The study will seek to use a number of routine health service costs where possible. Primary care costs will be attributed using data from the Personal Social Services Research Unit, Unit Costs of Health and Social Care.33 Any drug costs will be taken from the British National Formulary. Staff costs, where not available in Curtis,34 will be taken directly from the employers records. An average cost per intervention will thus be attributed based on staff and sessions. Family borne costs will be collected retrospectively for the previous 3 months using the CSRI. The resource cost of running each of the interventions will be included. These will include capital costs (eg, rooms and overheads), consumables and staff time including teachers’ time and parents’ time. Where possible, if appropriate, the parent time will be calculated by any lost earnings and average wage rate. Where this is not obtained, an average time cost may be substituted for parent time based on percentage attribution of average wage rate to give a leisure time rate.

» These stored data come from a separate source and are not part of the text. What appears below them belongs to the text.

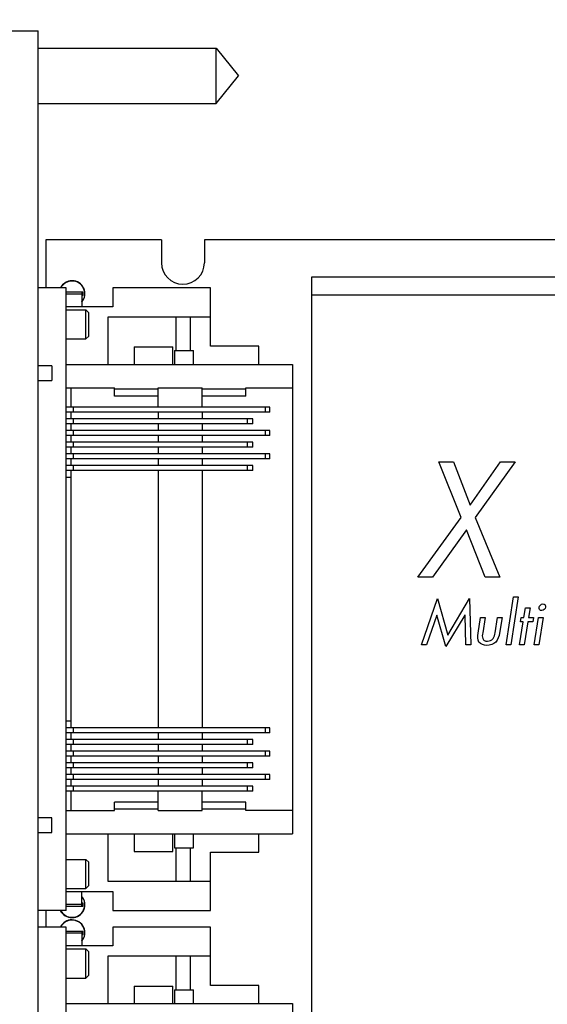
# Model space of a CAD drawing. Header units: inches. Extents: x 0.2 to 16.8, y 0.1 to 10.8.
# Tile 19 of 30: x 7.9 to 9.4, y 6 to 8.6. Entities that reach past the tile are written whole.
import ezdxf

# ---------------------------------------------------------------- set-up
doc = ezdxf.new("R2010")
doc.units = ezdxf.units.IN
doc.header["$LTSCALE"] = 0.935
doc.header["$MEASUREMENT"] = 0
doc.layers.get('0').update_dxf_attribs({"linetype": 'CONTINUOUS'})
for name, color, linetype in [('02___PRT_ALL_AXES', 7, 'CONTINUOUS'), ('5_ALL_CURVES', 7, 'CONTINUOUS'), ('DIMENSIONS', 7, 'CONTINUOUS')]:
    doc.layers.add(name, color=color, linetype=linetype)
doc.styles.get("Standard").update_dxf_attribs({"font": 'txt', "width": 0.8})
doc.dimstyles.new('DIMSTYLE_1', dxfattribs={"dimtxt": 0.125, "dimasz": 0.18, "dimexe": 0.125, "dimexo": 0.0625, "dimgap": 0.0625, "dimtad": 0, "dimtih": 1, "dimtoh": 1, "dimzin": 4, "dimdsep": 46, "dimtxsty": 'STANDARD', "dimblk": '_FILLED', "dimblk1": '_FILLED', "dimblk2": '_FILLED', "dimcen": 0.09, "dimadec": 0, "dimazin": 0, "dimtp": 0.001, "dimtm": 0.001, "dimtfac": 1, "dimtofl": 0, "dimtmove": 0, "dimatfit": 3, "dimldrblk": '_FILLED', "dimfxl": 1, "dimtolj": 1, "dimtzin": 4, "dimarcsym": 0})

# ---------------------------------------------------------------- blocks, each defined once
blk = doc.blocks.new('_FILLED')
at = {"color": 0, "linetype": 'BYBLOCK'}
blk.add_solid([(0, 0), (-1, 0.174), (-1, -0.174)], dxfattribs=at)
blk = doc.blocks.new('*D4')
at = {"layer": 'DIMENSIONS', "color": 2, "linetype": 'CONTINUOUS'}
for p, q in [((7.9962, 8.6816), (7.9962, 9.4941)), ((14.7994, 7.1412), (14.7994, 9.4941)), ((7.9962, 9.3691), (10.7228, 9.3691)), ((14.7994, 9.3691), (12.0728, 9.3691))]:
    blk.add_line(p, q, dxfattribs=at)
at = {"layer": 'DIMENSIONS', "color": 2, "linetype": 'CONTINUOUS', "xscale": 0.18, "yscale": 0.18, "zscale": 0.18, "rotation": 180}
blk.add_blockref('_FILLED', (7.9962, 9.3691), dxfattribs=at)
at = {"layer": 'DIMENSIONS', "color": 2, "linetype": 'CONTINUOUS', "xscale": 0.18, "yscale": 0.18, "zscale": 0.18}
blk.add_blockref('_FILLED', (14.7994, 9.3691), dxfattribs=at)
at = {"layer": 'DIMENSIONS', "color": 2, "linetype": 'CONTINUOUS', "insert": (11.3978, 9.4316), "char_height": 0.125, "width": 1.225, "attachment_point": 2, "line_spacing_factor": 0.9}
blk.add_mtext('6.80{\\Ftxt.shx;\\W1.000000;\\H0.125000; }[172.8]', dxfattribs=at)
blk = doc.blocks.new('*D9')
at = {"layer": 'DIMENSIONS', "color": 2, "linetype": 'CONTINUOUS'}
for p, q in [((7.712, 7.9621), (7.712, 10.2441)), ((7.9962, 8.6816), (7.9962, 10.2441)), ((7.712, 10.1191), (7.352, 10.1191)), ((7.9962, 10.1191), (8.3525, 10.1191))]:
    blk.add_line(p, q, dxfattribs=at)
at = {"layer": 'DIMENSIONS', "color": 2, "linetype": 'CONTINUOUS', "xscale": 0.18, "yscale": 0.18, "zscale": 0.18}
blk.add_blockref('_FILLED', (7.712, 10.1191), dxfattribs=at)
at = {"layer": 'DIMENSIONS', "color": 2, "linetype": 'CONTINUOUS', "xscale": 0.18, "yscale": 0.18, "zscale": 0.18, "rotation": 180}
blk.add_blockref('_FILLED', (7.9962, 10.1191), dxfattribs=at)
at = {"layer": 'DIMENSIONS', "color": 2, "linetype": 'CONTINUOUS', "insert": (8.415, 10.1816), "char_height": 0.125, "width": 0.925, "attachment_point": 1, "line_spacing_factor": 0.9}
blk.add_mtext('.28{\\Ftxt.shx;\\W1.000000;\\H0.125000; }[7.2]', dxfattribs=at)

msp = doc.modelspace()

# ---------------------------------------------------------------- linework, layer by layer
at = {"color": 7, "linetype": 'CONTINUOUS'}
for p, q in [((7.8962, 8.6191), (7.9962, 8.6191)), ((7.9962, 4.1734), (7.9962, 8.6191)), ((8.0718, 7.9244), (7.9962, 7.9244)), ((8.0718, 6.2433), (8.0718, 7.9244)), ((8.1975, 7.9244), (8.1975, 7.8732)), ((8.4608, 7.9244), (8.1975, 7.9244)), ((8.4608, 7.7669), (8.4608, 7.9244)), ((8.0718, 7.9135), (8.1177, 7.9135)), ((8.0718, 7.9088), (8.1141, 7.9088)), ((8.1141, 7.9135), (8.1141, 7.8732)), ((8.1177, 7.9037), (8.1141, 7.9037)), ((8.1174, 7.9037), (8.1174, 7.9135)), ((8.1177, 7.9037), (8.1177, 7.9135)), ((8.1975, 7.8732), (8.0718, 7.8732)), ((8.0718, 7.8653), (8.1246, 7.8653)), ((8.1246, 7.7866), (8.1246, 7.8653)), ((8.1246, 7.8653), (8.1325, 7.8574)), ((8.1325, 7.7944), (8.1325, 7.8574)), ((8.184, 7.8456), (8.184, 7.7177)), ((8.4608, 7.8456), (8.184, 7.8456)), ((8.3674, 7.8456), (8.3674, 7.7551)), ((8.4068, 7.7551), (8.4068, 7.8456)), ((8.1246, 7.7866), (8.1325, 7.7944)), ((8.0718, 7.7866), (8.1246, 7.7866)), ((8.2552, 7.7649), (8.2552, 7.7177)), ((8.2552, 7.7649), (8.3596, 7.7649)), ((8.3596, 7.7177), (8.3596, 7.7649)), ((8.5914, 7.7669), (8.4608, 7.7669)), ((8.5914, 7.7177), (8.5914, 7.7669)), ((8.3639, 7.7551), (8.3639, 7.7177)), ((8.3639, 7.7551), (8.4152, 7.7551)), ((8.4152, 7.7177), (8.4152, 7.7551)), ((8.0328, 7.7137), (7.9962, 7.7137)), ((8.0328, 7.7137), (8.0328, 7.6744)), ((8.0718, 7.7177), (8.682, 7.7177)), ((8.682, 7.7177), (8.682, 6.45)), ((7.9962, 7.6744), (8.0328, 7.6744)), ((8.0718, 7.6547), (8.2021, 7.6547)), ((8.0845, 7.6547), (8.0845, 7.6025)), ((8.2021, 7.6325), (8.2021, 7.6547)), ((8.3202, 7.6507), (8.2021, 7.6507)), ((8.3202, 7.6325), (8.2021, 7.6325)), ((8.3202, 7.6025), (8.3202, 7.6547)), ((8.3202, 7.6547), (8.4383, 7.6547)), ((8.4383, 7.6025), (8.4383, 7.6547)), ((8.5564, 7.6507), (8.4383, 7.6507)), ((8.5564, 7.6325), (8.4383, 7.6325)), ((8.5564, 7.6325), (8.5564, 7.6547)), ((8.5564, 7.6547), (8.682, 7.6547)), ((8.621, 7.6025), (8.0718, 7.6025)), ((8.621, 7.5887), (8.0718, 7.5887)), ((8.0845, 7.5887), (8.0845, 7.571)), ((8.091, 7.5887), (8.091, 7.6025)), ((8.3202, 7.5887), (8.3202, 7.571)), ((8.4383, 7.5887), (8.4383, 7.571)), ((8.6092, 7.5887), (8.6092, 7.6025)), ((8.621, 7.5887), (8.621, 7.6025)), ((8.5757, 7.571), (8.0718, 7.571)), ((8.5757, 7.5572), (8.0718, 7.5572)), ((8.0845, 7.5572), (8.0845, 7.5395)), ((8.091, 7.5572), (8.091, 7.571)), ((8.3202, 7.5572), (8.3202, 7.5395)), ((8.4383, 7.5572), (8.4383, 7.5395)), ((8.5606, 7.5572), (8.5606, 7.571)), ((8.5757, 7.5572), (8.5757, 7.571)), ((8.621, 7.5395), (8.0718, 7.5395)), ((8.621, 7.5257), (8.0718, 7.5257)), ((8.0845, 7.5257), (8.0845, 7.508)), ((8.091, 7.5257), (8.091, 7.5395)), ((8.3202, 7.5257), (8.3202, 7.508)), ((8.4383, 7.5257), (8.4383, 7.508)), ((8.6092, 7.5257), (8.6092, 7.5395)), ((8.621, 7.5257), (8.621, 7.5395)), ((8.5757, 7.508), (8.0718, 7.508)), ((8.091, 7.4942), (8.091, 7.508)), ((8.5606, 7.4942), (8.5606, 7.508)), ((8.5757, 7.4942), (8.5757, 7.508)), ((8.5757, 7.4942), (8.0718, 7.4942)), ((8.621, 7.4765), (8.0718, 7.4765)), ((8.0845, 7.4942), (8.0845, 7.4765)), ((8.091, 7.4627), (8.091, 7.4765)), ((8.3202, 7.4942), (8.3202, 7.4765)), ((8.4383, 7.4942), (8.4383, 7.4765)), ((8.6092, 7.4627), (8.6092, 7.4765)), ((8.621, 7.4627), (8.621, 7.4765)), ((8.621, 7.4627), (8.0718, 7.4627)), ((8.0845, 7.4627), (8.0845, 7.445)), ((8.3202, 7.4627), (8.3202, 7.445)), ((8.4383, 7.4627), (8.4383, 7.445)), ((8.5757, 7.445), (8.0718, 7.445)), ((8.5757, 7.4313), (8.0718, 7.4313)), ((8.0845, 7.4313), (8.0845, 6.7364)), ((8.091, 7.4313), (8.091, 7.445)), ((8.3202, 7.4313), (8.3202, 6.7364)), ((8.4383, 7.4313), (8.4383, 6.7364)), ((8.5606, 7.4313), (8.5606, 7.445)), ((8.5757, 7.4313), (8.5757, 7.445)), ((8.0845, 7.4126), (8.0718, 7.4126)), ((8.0718, 6.7551), (8.0845, 6.7551)), ((8.621, 6.7364), (8.0718, 6.7364)), ((8.091, 6.7226), (8.091, 6.7364)), ((8.6092, 6.7226), (8.6092, 6.7364)), ((8.621, 6.7226), (8.621, 6.7364)), ((8.621, 6.7226), (8.0718, 6.7226)), ((8.5757, 6.7049), (8.0718, 6.7049)), ((8.0845, 6.7226), (8.0845, 6.7049)), ((8.091, 6.6911), (8.091, 6.7049)), ((8.3202, 6.7226), (8.3202, 6.7049)), ((8.4383, 6.7226), (8.4383, 6.7049)), ((8.5606, 6.6911), (8.5606, 6.7049)), ((8.5757, 6.6911), (8.5757, 6.7049)), ((8.5757, 6.6911), (8.0718, 6.6911)), ((8.0845, 6.6911), (8.0845, 6.6734)), ((8.3202, 6.6911), (8.3202, 6.6734)), ((8.4383, 6.6911), (8.4383, 6.6734)), ((8.621, 6.6734), (8.0718, 6.6734)), ((8.621, 6.6596), (8.0718, 6.6596)), ((8.0845, 6.6596), (8.0845, 6.6419)), ((8.091, 6.6596), (8.091, 6.6734)), ((8.3202, 6.6596), (8.3202, 6.6419)), ((8.4383, 6.6596), (8.4383, 6.6419)), ((8.6092, 6.6596), (8.6092, 6.6734)), ((8.621, 6.6596), (8.621, 6.6734)), ((8.5757, 6.6419), (8.0718, 6.6419)), ((8.5757, 6.6281), (8.0718, 6.6281)), ((8.0845, 6.6281), (8.0845, 6.6104)), ((8.091, 6.6281), (8.091, 6.6419)), ((8.3202, 6.6281), (8.3202, 6.6104)), ((8.4383, 6.6281), (8.4383, 6.6104)), ((8.5606, 6.6281), (8.5606, 6.6419)), ((8.5757, 6.6281), (8.5757, 6.6419)), ((8.621, 6.6104), (8.0718, 6.6104)), ((8.621, 6.5966), (8.0718, 6.5966)), ((8.0845, 6.5966), (8.0845, 6.5789)), ((8.091, 6.5966), (8.091, 6.6104)), ((8.3202, 6.5966), (8.3202, 6.5789)), ((8.4383, 6.5966), (8.4383, 6.5789)), ((8.6092, 6.5966), (8.6092, 6.6104)), ((8.621, 6.5966), (8.621, 6.6104)), ((8.5757, 6.5789), (8.0718, 6.5789)), ((8.091, 6.5651), (8.091, 6.5789)), ((8.5606, 6.5651), (8.5606, 6.5789)), ((8.5757, 6.5651), (8.5757, 6.5789)), ((8.5757, 6.5651), (8.0718, 6.5651)), ((8.0845, 6.5651), (8.0845, 6.5129)), ((8.3202, 6.5129), (8.3202, 6.5651)), ((8.4383, 6.5129), (8.4383, 6.5651)), ((8.2021, 6.5129), (8.2021, 6.5352)), ((8.3202, 6.5352), (8.2021, 6.5352)), ((8.3202, 6.5169), (8.2021, 6.5169)), ((8.5564, 6.5352), (8.4383, 6.5352)), ((8.5564, 6.5169), (8.4383, 6.5169)), ((8.5564, 6.5129), (8.5564, 6.5352)), ((8.0328, 6.4933), (7.9962, 6.4933)), ((8.0328, 6.4539), (8.0328, 6.4933)), ((8.0718, 6.5129), (8.2021, 6.5129)), ((8.3202, 6.5129), (8.4383, 6.5129)), ((8.682, 6.5129), (8.5564, 6.5129)), ((7.9962, 6.4539), (8.0328, 6.4539)), ((8.0718, 6.45), (8.682, 6.45)), ((8.184, 6.45), (8.184, 6.322)), ((8.2552, 6.45), (8.2552, 6.4027)), ((8.3596, 6.4027), (8.3596, 6.45)), ((8.3639, 6.45), (8.3639, 6.4126)), ((8.4152, 6.4126), (8.4152, 6.45)), ((8.5914, 6.4007), (8.5914, 6.45)), ((8.3639, 6.4126), (8.4152, 6.4126)), ((8.3674, 6.4126), (8.3674, 6.322)), ((8.4068, 6.322), (8.4068, 6.4126)), ((8.2552, 6.4027), (8.3596, 6.4027)), ((8.4608, 6.2433), (8.4608, 6.4007)), ((8.4608, 6.4007), (8.5914, 6.4007)), ((8.0718, 6.3811), (8.1246, 6.3811)), ((8.1246, 6.3023), (8.1246, 6.3811)), ((8.1246, 6.3811), (8.1325, 6.3732)), ((8.1325, 6.3102), (8.1325, 6.3732)), ((8.0718, 6.3023), (8.1246, 6.3023)), ((8.1246, 6.3023), (8.1325, 6.3102)), ((8.184, 6.322), (8.4608, 6.322)), ((8.0718, 6.2944), (8.1975, 6.2944)), ((8.1141, 6.2541), (8.1141, 6.2944)), ((8.1975, 6.2944), (8.1975, 6.2433)), ((8.1141, 6.2588), (8.0718, 6.2588)), ((8.1177, 6.2541), (8.0718, 6.2541)), ((8.1141, 6.2639), (8.1177, 6.2639)), ((8.1174, 6.2541), (8.1174, 6.2639)), ((8.1177, 6.2541), (8.1177, 6.2639)), ((8.0718, 6.2433), (7.9962, 6.2433)), ((8.1975, 6.2433), (8.4608, 6.2433)), ((8.0718, 6.1984), (7.9962, 6.1984)), ((8.0718, 4.5173), (8.0718, 6.1984)), ((8.1975, 6.1984), (8.1975, 6.1472)), ((8.4608, 6.1984), (8.1975, 6.1984)), ((8.4608, 6.0409), (8.4608, 6.1984)), ((8.0718, 6.1875), (8.1177, 6.1875)), ((8.0718, 6.1828), (8.1141, 6.1828)), ((8.1141, 6.1875), (8.1141, 6.1472)), ((8.1177, 6.1777), (8.1141, 6.1777)), ((8.1174, 6.1777), (8.1174, 6.1875)), ((8.1177, 6.1777), (8.1177, 6.1875)), ((8.1975, 6.1472), (8.0718, 6.1472)), ((8.0718, 6.1393), (8.1246, 6.1393)), ((8.1246, 6.0606), (8.1246, 6.1393)), ((8.1246, 6.1393), (8.1325, 6.1314)), ((8.1325, 6.0684), (8.1325, 6.1314)), ((8.184, 6.1196), (8.184, 5.9917)), ((8.4608, 6.1196), (8.184, 6.1196)), ((8.3674, 6.1196), (8.3674, 6.0291)), ((8.4068, 6.0291), (8.4068, 6.1196)), ((8.1246, 6.0606), (8.1325, 6.0684)), ((8.0718, 6.0606), (8.1246, 6.0606)), ((8.2552, 6.0389), (8.2552, 5.9917)), ((8.2552, 6.0389), (8.3596, 6.0389)), ((8.3596, 5.9917), (8.3596, 6.0389)), ((8.5914, 6.0409), (8.4608, 6.0409)), ((8.5914, 5.9917), (8.5914, 6.0409)), ((8.3639, 6.0291), (8.3639, 5.9917)), ((8.3639, 6.0291), (8.4152, 6.0291)), ((8.4152, 5.9917), (8.4152, 6.0291)), ((8.0718, 5.9917), (8.682, 5.9917)), ((8.682, 5.9917), (8.682, 4.724))]:
    msp.add_line(p, q, dxfattribs=at)
at = {"color": 3, "linetype": 'CONTINUOUS'}
for p, q in [((8.7342, 4.7378), (8.7342, 7.9548)), ((8.7342, 7.9548), (12.7902, 7.9548)), ((8.7342, 7.9058), (12.8392, 7.9058))]:
    msp.add_line(p, q, dxfattribs=at)
at = {"color": 40, "linetype": 'CONTINUOUS'}
for p, q in [((9.1377, 7.3044), (9.0773, 7.4545)), ((9.0773, 7.4545), (9.1169, 7.4545)), ((9.1169, 7.4545), (9.1619, 7.3374)), ((9.1619, 7.3374), (9.2439, 7.4545)), ((9.2835, 7.4545), (9.1756, 7.3044)), ((9.2439, 7.4545), (9.2835, 7.4545)), ((9.0202, 7.1436), (9.1377, 7.3044)), ((9.1756, 7.3044), (9.2421, 7.1436)), ((9.1514, 7.2714), (9.0598, 7.1436)), ((9.2025, 7.1436), (9.1514, 7.2714)), ((9.0598, 7.1436), (9.0202, 7.1436)), ((9.2421, 7.1436), (9.2025, 7.1436)), ((9.0303, 6.9608), (9.0739, 7.0853)), ((9.0739, 7.0853), (9.101, 6.9865)), ((9.101, 6.9865), (9.1597, 7.0853)), ((9.1597, 7.0853), (9.1638, 6.9608)), ((9.2585, 6.9608), (9.279, 7.0897)), ((9.2915, 7.0897), (9.271, 6.9608)), ((9.279, 7.0897), (9.2915, 7.0897)), ((9.3066, 7.0343), (9.3108, 7.0607)), ((9.3108, 7.0607), (9.3233, 7.0607)), ((9.3233, 7.0607), (9.3191, 7.0343)), ((9.0715, 7.0405), (9.0437, 6.9608)), ((9.0718, 7.0405), (9.0715, 7.0405)), ((9.0962, 6.956), (9.0718, 7.0405)), ((9.1476, 7.0405), (9.0962, 6.956)), ((9.1479, 7.0405), (9.1476, 7.0405)), ((9.1504, 6.9608), (9.1479, 7.0405)), ((9.1829, 6.9919), (9.1896, 7.0343)), ((9.1896, 7.0343), (9.2021, 7.0343)), ((9.2021, 7.0343), (9.1956, 6.9933)), ((9.2287, 6.9933), (9.2352, 7.0343)), ((9.2352, 7.0343), (9.2477, 7.0343)), ((9.2477, 7.0343), (9.241, 6.9919)), ((9.2949, 6.9608), (9.3048, 7.0227)), ((9.2971, 7.0227), (9.2989, 7.0343)), ((9.3048, 7.0227), (9.2971, 7.0227)), ((9.2989, 7.0343), (9.3066, 7.0343)), ((9.3173, 7.0227), (9.3074, 6.9608)), ((9.3304, 7.0227), (9.3173, 7.0227)), ((9.3191, 7.0343), (9.3322, 7.0343)), ((9.3322, 7.0343), (9.3304, 7.0227)), ((9.3342, 6.9608), (9.3458, 7.0343)), ((9.3458, 7.0343), (9.3583, 7.0343)), ((9.3583, 7.0343), (9.3467, 6.9608)), ((9.0437, 6.9608), (9.0303, 6.9608)), ((9.1638, 6.9608), (9.1504, 6.9608)), ((9.271, 6.9608), (9.2585, 6.9608)), ((9.3074, 6.9608), (9.2949, 6.9608)), ((9.3467, 6.9608), (9.3342, 6.9608))]:
    msp.add_line(p, q, dxfattribs=at)
for points, knots in [([(9.355, 7.053), (9.3529, 7.053), (9.3482, 7.0548), (9.3472, 7.0597), (9.3476, 7.0619)], [0, 0, 0, 0, 0.49497, 1, 1, 1, 1]), ([(9.3579, 7.0708), (9.36, 7.0708), (9.3646, 7.0689), (9.3657, 7.064), (9.3653, 7.0619)], [0, 0, 0, 0, 0.497543, 1, 1, 1, 1]), ([(9.2066, 6.9588), (9.1989, 6.9588), (9.1803, 6.9652), (9.1816, 6.984), (9.1829, 6.9919)], [0, 0, 0, 0, 0.490567, 1, 1, 1, 1]), ([(9.1956, 6.9933), (9.1947, 6.988), (9.1929, 6.9798), (9.1999, 6.9709), (9.2055, 6.9704), (9.2085, 6.9704)], [0, 0, 0, 0, 0.511176, 0.718162, 1, 1, 1, 1]), ([(9.241, 6.9919), (9.2396, 6.9834), (9.2342, 6.9651), (9.2153, 6.9588), (9.2066, 6.9588)], [0, 0, 0, 0, 0.50109, 1, 1, 1, 1]), ([(9.2085, 6.9704), (9.214, 6.9704), (9.2263, 6.9756), (9.2278, 6.9878), (9.2287, 6.9933)], [0, 0, 0, 0, 0.494394, 1, 1, 1, 1])]:
    msp.add_open_spline(points, degree=3, knots=knots, dxfattribs=at)
for points in [[(9.3476, 7.0619), (9.3483, 7.0664), (9.3533, 7.0708), (9.3579, 7.0708)], [(9.3653, 7.0619), (9.3646, 7.0574), (9.3596, 7.053), (9.355, 7.053)]]:
    msp.add_open_spline(points, degree=3, dxfattribs=at)
at = {"layer": '02___PRT_ALL_AXES', "color": 7, "linetype": 'CONTINUOUS'}
for p, q in [((7.9962, 8.5721), (8.4762, 8.5721)), ((8.4762, 8.4221), (8.4762, 8.5721)), ((8.4762, 8.5721), (8.5362, 8.4971)), ((8.4762, 8.4221), (8.5362, 8.4971)), ((7.9962, 8.4221), (8.4762, 8.4221)), ((8.0166, 8.0543), (8.0166, 7.9244)), ((8.3286, 8.0543), (8.0166, 8.0543)), ((8.3286, 8.0543), (8.3286, 7.9923)), ((8.4446, 8.0543), (8.4446, 7.9923)), ((14.3176, 8.0543), (8.4446, 8.0543)), ((8.0166, 6.2433), (8.0166, 6.1984))]:
    msp.add_line(p, q, dxfattribs=at)
for centre, radius, start, end in [((8.3866, 7.9923), 0.058, 180, 360), ((8.0872, 7.9088), 0.035, 320.136, 153.5703), ((8.0872, 6.2588), 0.035, 206.4008, 39.864), ((8.0872, 6.1828), 0.035, 320.136, 153.5703)]:
    msp.add_arc(centre, radius, start, end, dxfattribs=at)
at = {"layer": '5_ALL_CURVES', "color": 40, "linetype": 'CONTINUOUS'}
for centre, start, end in [((8.0875, 7.9086), 320.4209, 152.7936), ((8.0875, 6.259), 207.2064, 39.5791), ((8.0875, 6.1826), 320.4209, 152.7936)]:
    msp.add_arc(centre, 0.0344, start, end, dxfattribs=at)

# ---------------------------------------------------------------- dimensions: what is measured, and where the dimension line sits
at = {"layer": 'DIMENSIONS', "color": 2, "linetype": 'CONTINUOUS'}
dim = msp.add_linear_dim(base=(7.712, 10.1191), p1=(7.9962, 8.6191), p2=(7.712, 7.8996), angle=180, dimstyle='DIMSTYLE_1', dxfattribs=at)
dim.commit()
dim.dimension.update_dxf_attribs({"geometry": '*D9', "text_midpoint": (8.8775, 10.1191), "dimtype": 160})
dim = msp.add_linear_dim(base=(14.7994, 9.3691), p1=(7.9962, 8.6191), p2=(14.7994, 7.0787), dimstyle='DIMSTYLE_1', dxfattribs=at)
dim.commit()
dim.dimension.update_dxf_attribs({"geometry": '*D4', "text_midpoint": (11.3978, 9.3691), "dimtype": 160})

doc.saveas('drawing.dxf')

Health-related quality-of-life data, as recorded by the EQ-5D-Y and CHU9D, will be used in conjunction with published valuation studies to calculate quality-adjusted life years (QALYs), enabling a cost-utility analysis to be completed. In addition, the cost-effectiveness of each intervention arm, compared with the no-intervention arm, will be estimated in terms of the Conners’ Rating Scale. The incremental cost-effectiveness ratio will be generated comparing the combined intervention to the parent-only intervention to the no-intervention arm. Cost-effectiveness acceptability curves (CEACs) will be generated to explore the likelihood that the combined intervention is more cost-effective than the parent-only intervention and the no intervention arms, as measured by the Conners’ Rating Scale, if different monetary values are attached to this fall in reduction of ADHD symptoms. The net benefit method33 will be used to construct the CEAC where net benefit (NB)=(λ×E)−C (λ=monetary value that society places on one unit reduction in the Conners’ Rating Scale score, E=reduction in Conners’ Rating Scale score associated with the intervention and C=costs) and a range of values for λ are assumed. Cost data and cost-effectiveness data are frequently skewed and as a result, economic evaluation can be misleading if average costs are skewed by extreme outliers. In this event, the distribution of the data will be examined by employing bootstrapping. Sensitivity analyses, based on key assumptions that emerge from the analysis of contextual factors will be explored in terms of their cost utility and cost-effectiveness.